As a service that considers themselves an “integral part of Laurier’s renowned student experience” — which has been hailed as being number one for three years continuously — the Students’ Union is one of the many organizations on campus whose “institutional budgets have struggled to adapt to decreased public funding,” the release continued.

The release concludes, arguing in favour of the former ancillary fee structure because it promotes the “essential elements of student health and safety, career-building co-curricular leadership opportunities, peer-support services, and enable[s] engagement with global affairs far beyond our campuses and communities.”

On Jan. 22, between 4:00 p.m. to 5:30 p.m., a number of concerned student activists collected at the Veterans’ Green at the corner of Hazel Street and University Avenue, to demonstrate their collective voice against the provincial government’s decisions.

As well, Liberal MPP Mitzie Hunter, the former Minister of Advanced Education & Skills Development, spoke at the event.

“A few of us decided that we should take action. We need the government to be listening to students. The recent OSAP cuts are absolutely awful, especially since it’s basically an attack on low-income students and families,” said Desiree Sam, a fourth-year political science and environmental studies student at Laurier.

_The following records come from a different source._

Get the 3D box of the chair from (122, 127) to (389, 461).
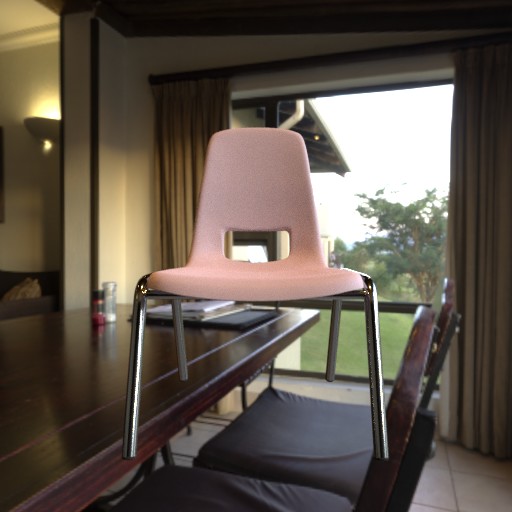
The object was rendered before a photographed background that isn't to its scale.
[{"bbox_3d":[0.000,0.000,0.765,0.354,0.536,0.385,0,1,0],"label":"chair"}]
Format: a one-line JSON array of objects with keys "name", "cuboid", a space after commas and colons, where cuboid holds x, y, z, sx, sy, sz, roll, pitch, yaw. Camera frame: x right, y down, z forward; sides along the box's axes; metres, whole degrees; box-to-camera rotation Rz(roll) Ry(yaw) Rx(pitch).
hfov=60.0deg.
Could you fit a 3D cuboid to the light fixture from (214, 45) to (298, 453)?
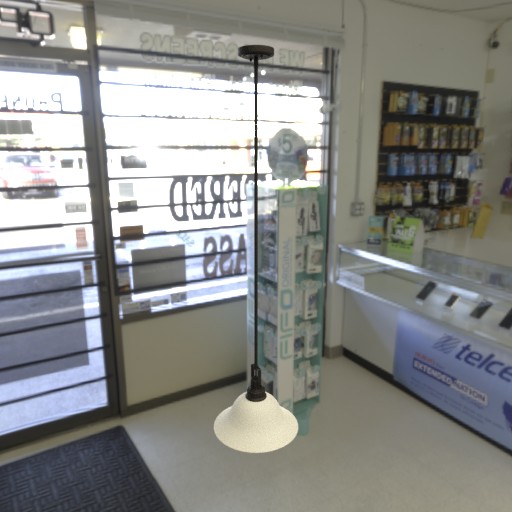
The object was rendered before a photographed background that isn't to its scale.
[{"name": "light fixture", "cuboid": [0.000, 0.000, 1.547, 0.324, 1.337, 0.324, -7, 15, -27]}]
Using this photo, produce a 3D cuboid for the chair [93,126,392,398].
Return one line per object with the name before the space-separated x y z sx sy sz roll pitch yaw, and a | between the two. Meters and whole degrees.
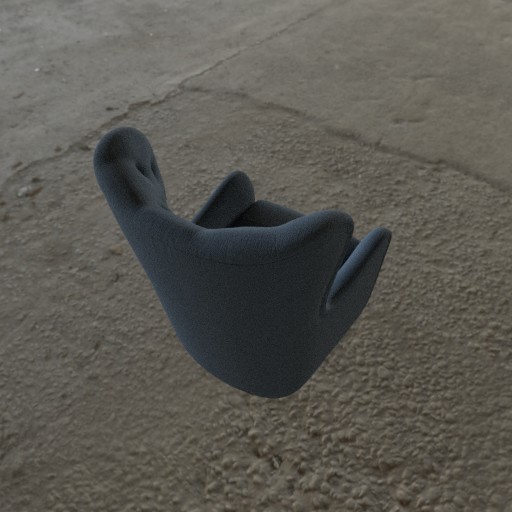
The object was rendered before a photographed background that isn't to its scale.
chair | 0.000 0.000 1.774 0.831 1.079 0.930 26 50 24
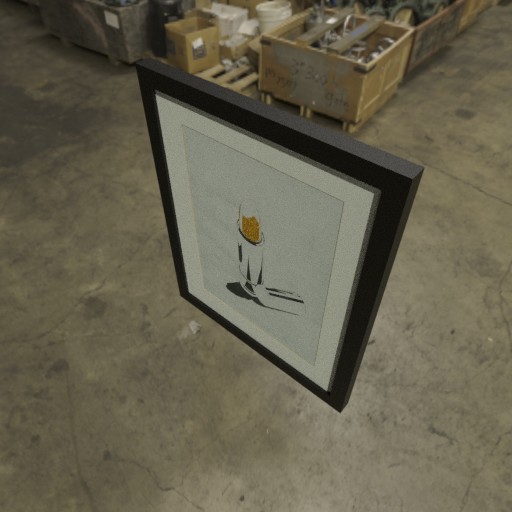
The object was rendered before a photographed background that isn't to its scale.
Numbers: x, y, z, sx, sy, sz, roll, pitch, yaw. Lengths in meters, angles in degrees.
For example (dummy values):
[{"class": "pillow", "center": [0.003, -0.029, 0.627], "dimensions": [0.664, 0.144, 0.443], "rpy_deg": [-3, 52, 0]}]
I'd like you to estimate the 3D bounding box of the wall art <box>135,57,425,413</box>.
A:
[{"class": "wall art", "center": [0.000, 0.000, 0.778], "dimensions": [0.457, 0.559, 0.029], "rpy_deg": [31, 53, 27]}]
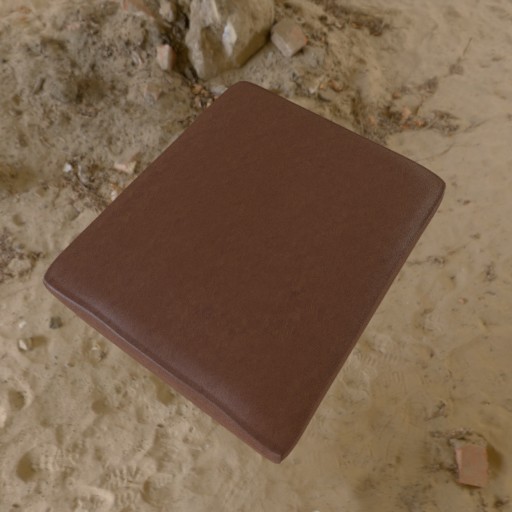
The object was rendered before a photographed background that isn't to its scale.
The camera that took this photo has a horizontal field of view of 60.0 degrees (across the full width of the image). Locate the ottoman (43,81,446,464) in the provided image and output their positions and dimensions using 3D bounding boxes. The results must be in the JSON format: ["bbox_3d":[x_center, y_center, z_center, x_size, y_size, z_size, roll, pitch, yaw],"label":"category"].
[{"bbox_3d":[0.000,0.000,1.470,0.836,0.472,0.987,32,67,15],"label":"ottoman"}]
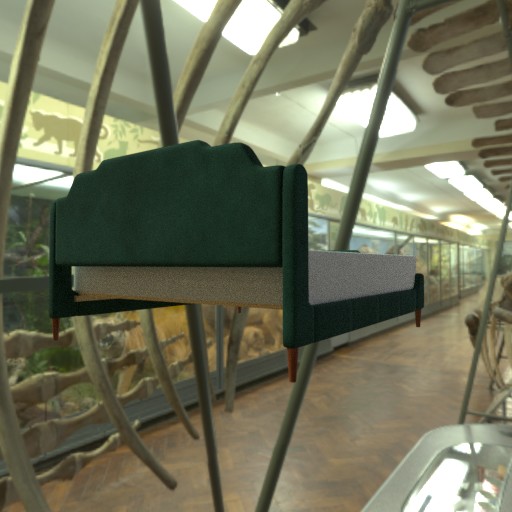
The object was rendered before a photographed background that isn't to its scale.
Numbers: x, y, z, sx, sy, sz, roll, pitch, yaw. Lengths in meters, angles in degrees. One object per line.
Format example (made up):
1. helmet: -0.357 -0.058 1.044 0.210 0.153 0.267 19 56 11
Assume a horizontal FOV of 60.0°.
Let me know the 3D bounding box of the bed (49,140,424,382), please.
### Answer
1. bed: 0.000 0.000 3.609 2.074 1.245 2.340 -1 -1 35
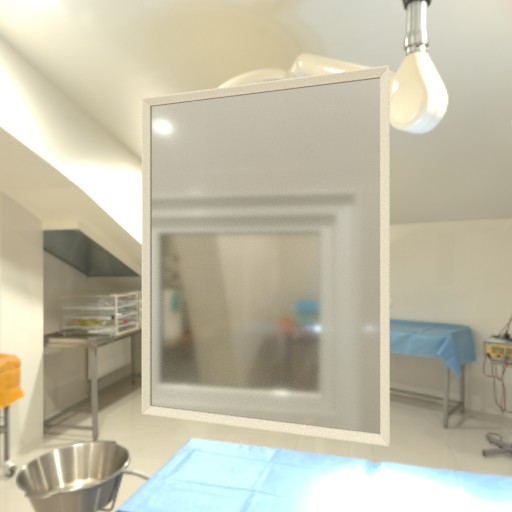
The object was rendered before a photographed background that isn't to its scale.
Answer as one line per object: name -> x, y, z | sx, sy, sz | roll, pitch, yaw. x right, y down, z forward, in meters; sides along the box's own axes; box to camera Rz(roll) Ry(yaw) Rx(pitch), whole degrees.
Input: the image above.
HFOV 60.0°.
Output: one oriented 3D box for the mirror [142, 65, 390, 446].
mirror -> 0.000, 0.000, 1.321 | 0.762, 1.016, 0.041 | 0, 0, 19
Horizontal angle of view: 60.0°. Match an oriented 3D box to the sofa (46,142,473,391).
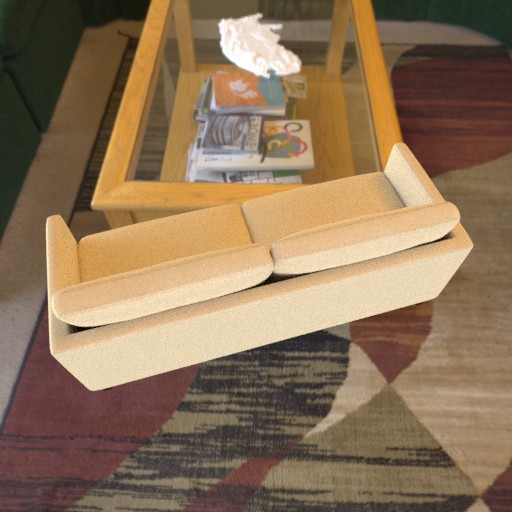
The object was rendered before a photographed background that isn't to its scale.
[{"bbox_3d":[0.000,0.000,2.873,2.434,0.965,0.948,-14,58,-9],"label":"sofa"}]
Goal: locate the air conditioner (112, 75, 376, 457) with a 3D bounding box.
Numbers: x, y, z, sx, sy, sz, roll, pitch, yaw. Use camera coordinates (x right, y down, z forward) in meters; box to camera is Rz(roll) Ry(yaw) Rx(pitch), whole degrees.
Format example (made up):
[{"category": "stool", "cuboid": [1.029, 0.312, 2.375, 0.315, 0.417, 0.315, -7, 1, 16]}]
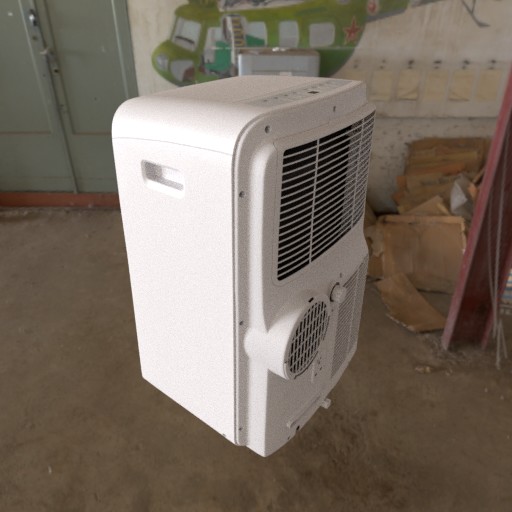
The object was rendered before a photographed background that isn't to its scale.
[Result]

“A lot of people I know personally are going to be affected very badly. I personally am going to be affected.”

As one of the organizers for the event, Sam wished to keep the protest peaceful and give the opportunity and chance for students to speak with politicians involved in the implementation of the previous OSAP, as well as those who helped create the legislation for providing free tuition to low-income students.

“It’s very important today that we be able to talk about how important these issues are, considering that education is very much a necessity and it is absolutely ridiculous that the government has decided to have an attack [against] low-income people … we hope that the government is listening,” Sam said.

A number of students also came out to support the protest, bundled against a piercing cold and extreme weather alert, to demonstrate their fierce opposition against the changes.

“I think it’s amazing seeing students coming together, protesting something that we don’t think is fair or right,” said Caitlyn Drexler, a fourth-year political science and law student at Laurier.

“It’s freezing today — having students still come out because we all believe in the same thing and we’re all extremely upset by the changes that Ford has made to the OSAP is really amazing.”

“I’m here because education is for everyone and it being inaccessible perpetuates a cycle of poverty because people can’t get educated and get out of bad situations … it means that we can’t afford education,” said Madeleine Neufeld, a third-year peace and conflict studies and political science student at Laurier.